В ответ атаман, вперив в меня проницательный взор, прищурился и сурово пробасил:
– Почто сызнова сам свою главу под топор клонишь?
– Мне все равно терять нечего – она у меня давно на плахе лежит, – беззаботно откликнулся я, – а вот царевича оградить не помешает. – И напомнил: – Сам ведь просил его поберечь. И еще одно...
Мои слова о том, что было бы крайне желательно, если бы Тимофей дал понять Дмитрию, что неприязнь атамана по отношению ко мне ничуть не ослабела, а как бы даже напротив – возросла еще сильнее, Серьге по душе не пришлись.
Однако я, не обращая внимания на сурово нахмуренные брови, продолжал втолковывать, что говорить об этой неприязни впрямую ему необязательно, даже более того – нежелательно, чтобы государь не почуял неладное.
Лучше сделать это как-нибудь вскользь.

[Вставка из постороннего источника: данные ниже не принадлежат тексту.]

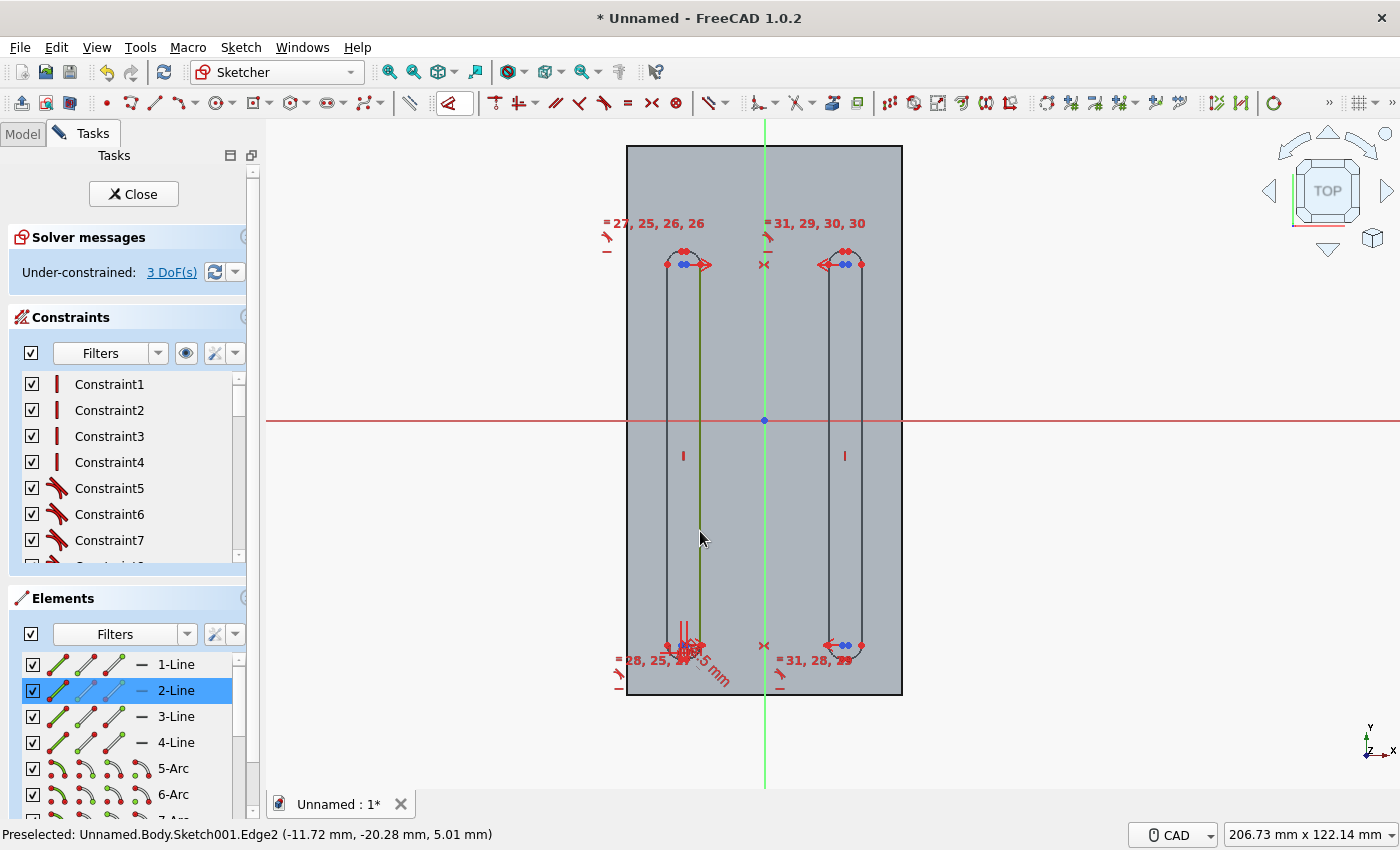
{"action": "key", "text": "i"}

Мол, напрасно ты, государь, тогда в Серпухове не оставил мне его в подклети хотя бы еще на денек. Дескать, очень жаждал поговорить с князем Мак-Альпином кое о чем, так запросто, по-свойски, как мужик с мужиком.
И вообще, нет у славного донского казака Шарова доверия к этому князю, уж больно тот умен и хитер, потому его надо бы держать покрепче, ибо того и гляди выскользнет из рук.